Глава 7
Ничего-то у Варвары не получилось. Хотя нет, не так. Приворот получился, да ещё какой! Вот только дар, обещанный бабкой Валентиной так и не объявился. И как Варя жалела о том, что в тот злополучный день выбор неверный сделала! Предпочла дару, открывающему множество путей и возможностей, банальные чувства.
Первое время она, конечно, как на крыльях летала, мчалась на свидания к Игнату по первому зову. Обо всём забыла и обо всех. А ведь в деревне ничего-то не скроешь, правда прёт наружу как дрожжевое тесто из кадушки, не удержать. Вроде и хоронятся ото всех в лесу, Игнат под обрывом знатную землянку соорудил, тёплую, надёжную, да только всё равно углядел кто-то дымок, поднимающийся ввысь, да не где-то – в лесу, там, где без костра ему быть не положено, да и полюбопытствовал, не поленился спуститься и, отогнув полог, заглянуть внутрь.
– Матерь божья! – вырвалось у путника, но двое у костра, слившись в объятиях, даже не услышали его возгласа, не до того было, – Срам-то какой, – бормотал невольный свидетель их страсти, взбираясь на холм, – Стыдобища!
И поползли по деревне слухи. Люди осуждали, люди шептались за спинами и с откровенным презрением отворачивались от Варвары. Нарочито, всем своим видом показывая, что говорить, да и знаться с ней не желают. А вот Игната не осуждали, жалели даже. Почему? Люди лишь плечами пожимали, задумывались. Чёткого ответа не находил никто. Разве что, сам Игнат.
– Околдовала ты меня, – говорил он, с тоской глядя перед собой. – Так околдовала, что душа рвётся, как подумаю, что разлучиться придётся. Волком завыть хочется.
– Зачем же нам разлучаться? – блаженно щурилась на его груди Варя, – Мы же любим друг друга.
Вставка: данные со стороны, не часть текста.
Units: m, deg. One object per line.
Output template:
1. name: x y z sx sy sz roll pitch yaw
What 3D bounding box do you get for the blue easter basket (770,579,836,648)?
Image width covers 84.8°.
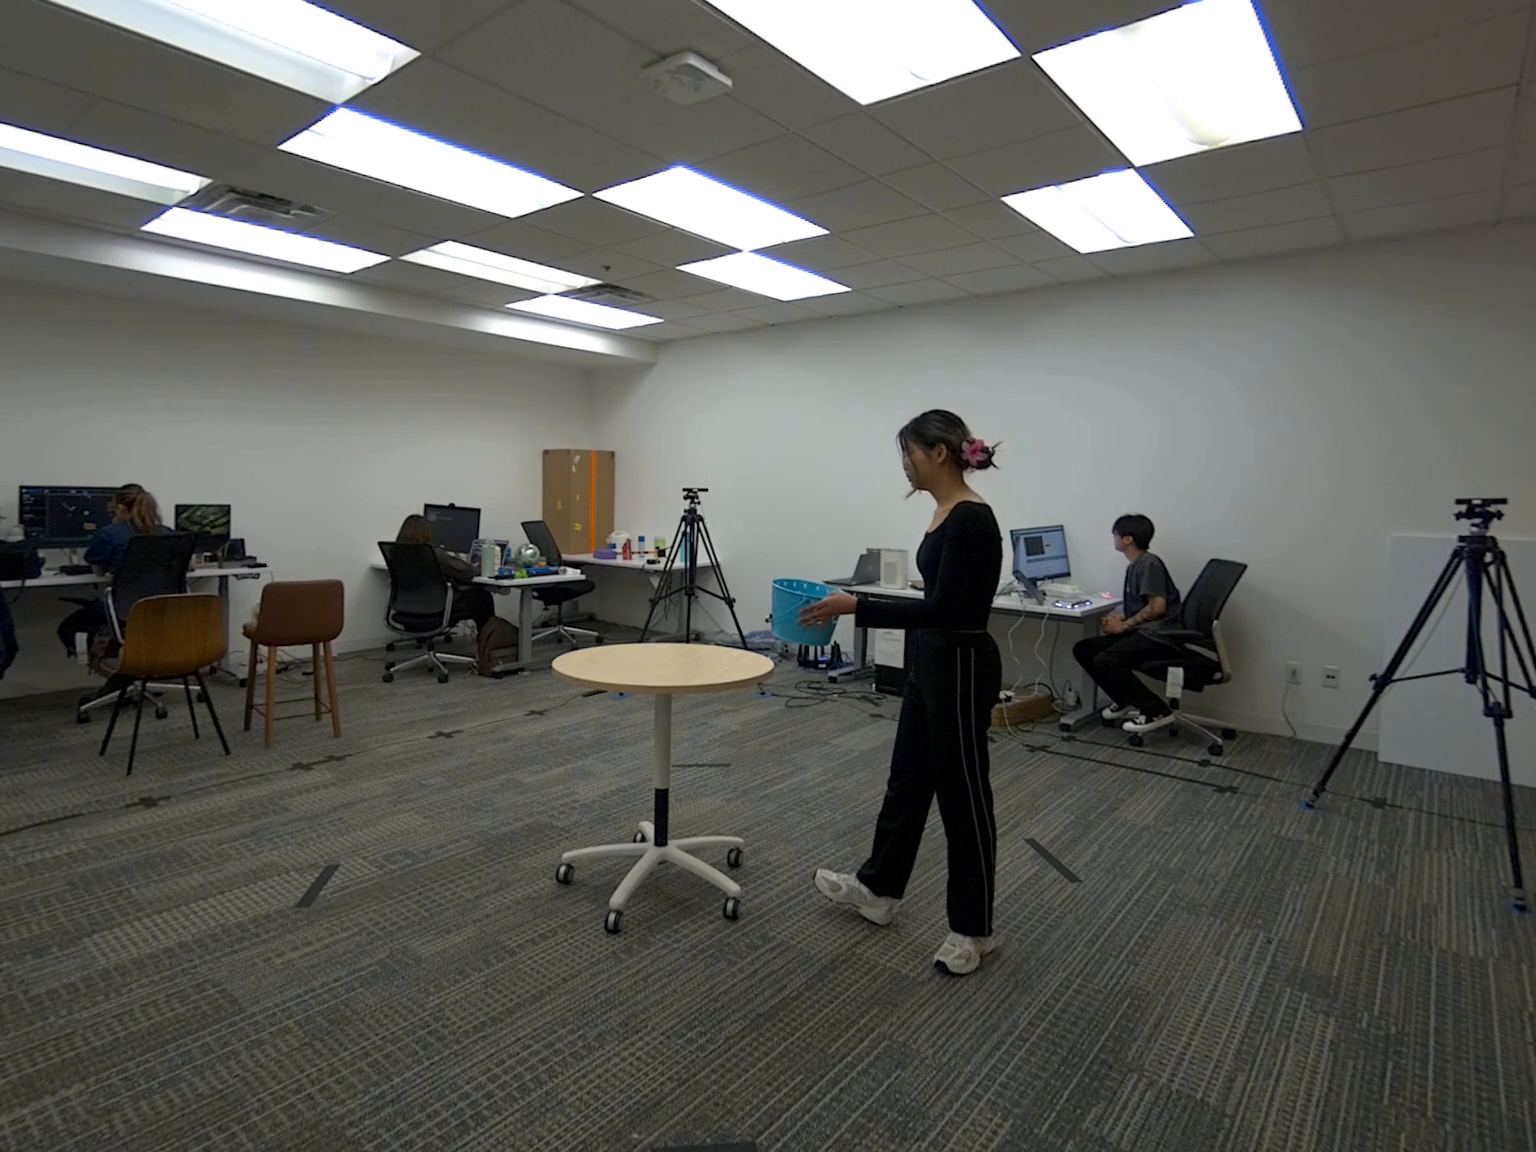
1. blue easter basket: 0.113 0.122 2.549 0.243 0.154 0.247 10 13 -4

– Затем, Варвара-краса, что меня жена дома ждёт. Сынки малые ещё совсем. Я им нужен! Я люблю их!
– И Тоньку?
– Ну разумеется!
– А вот и нет! Меня ты любишь! – обиделась девушка. Поднялась, села, повернувшись к Игнату спиной, обхватила руками колени. – Коли не любишь, чего ж тогда в землянку ко мне тайком сбегаешь? Или дома дел нет? Или сынки внимания не требуют? Нет, Игнат… Кабы любил ты Тоньку, мыслей бы даже обо мне не допускал. А ты сейчас здесь. Со мной…
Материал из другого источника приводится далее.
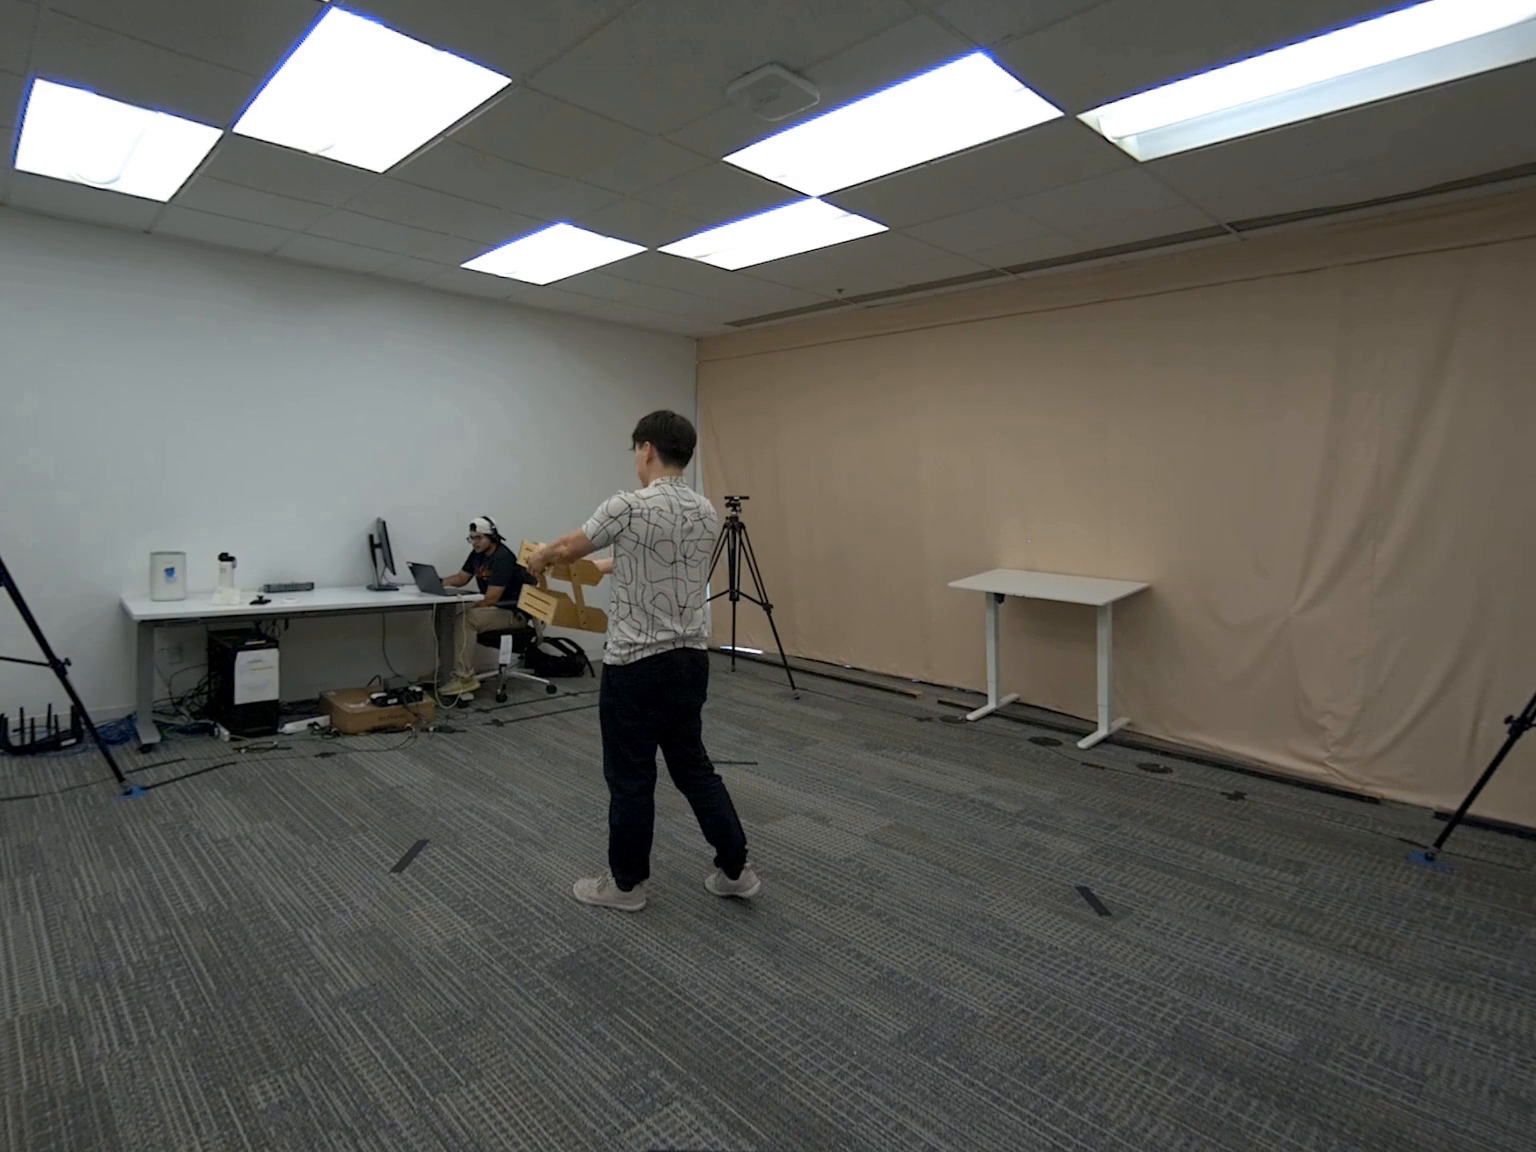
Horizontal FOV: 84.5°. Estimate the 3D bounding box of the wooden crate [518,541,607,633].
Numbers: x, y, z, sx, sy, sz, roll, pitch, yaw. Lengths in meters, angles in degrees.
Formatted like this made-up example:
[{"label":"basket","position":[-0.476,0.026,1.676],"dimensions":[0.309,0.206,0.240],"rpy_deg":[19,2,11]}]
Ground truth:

– Околдовала. Как есть, околдовала. Да, с тобой! – он тоже поднялся с лежанки, застеленной старыми одеялами, нашарил на земляном полу свои брюки, порылся в кармане, выбил папиросу из пачки, прикурил, – И соглашусь, тянет… Душу ты из меня тянешь, мне и сладко с тобой и больно, и боязно, мне и вырваться хочется и… умереть в твоих объятиях. И да, я кругом виноват, знаю, что предал семью и дальше предавать стану, это пагубно… это неправильно всё, но я не могу остановиться. – Затянулся, выпустил струйку едкого сизого дыма, с силой затушил папиросу о землю, буквально вмял окурок, утопив в мягкой почве. – Отпусти меня, Варя! Ведь не быть нам вместе!
– Да вот ещё! – Варя высокомерно улыбнулась, – почему же не быть-то? Да неужто я Тоньку не знаю? Столько лет дружим… Как только узнает, что ты ко мне на свиданки бегаешь, быстро мальчишек заберёт да к родителям переедет.
Так и вышло. Антонина даже объясниться ему не дала. Он за порог – на работу, она мальчишек собрала, вещи, и даже кошку – любимицу с собой прихватила и пошла к родительскому дому, не ведая, примут ли назад. Ведь так повелось на Руси, что жена должна прощать. Оскорбления, избиения, измены – да всё, что вздумается мужику сотворить. Должна прощать, молчать, принимать его любым, но ни в коем разе не разрушать семью! Вот и боялась Тоня в родительский дом идти. Ведь не примут если, к мужу назад отправят, придётся ей с детьми на улице жить. Под мостом, под забором, в сараюшке старенькой – где угодно, лишь бы не с ним. Только не с тем, кто предал. Тот, кто предал единожды, непременно предаст снова. Не готова Тоня предательство прощать, уж лучше действительно под мост.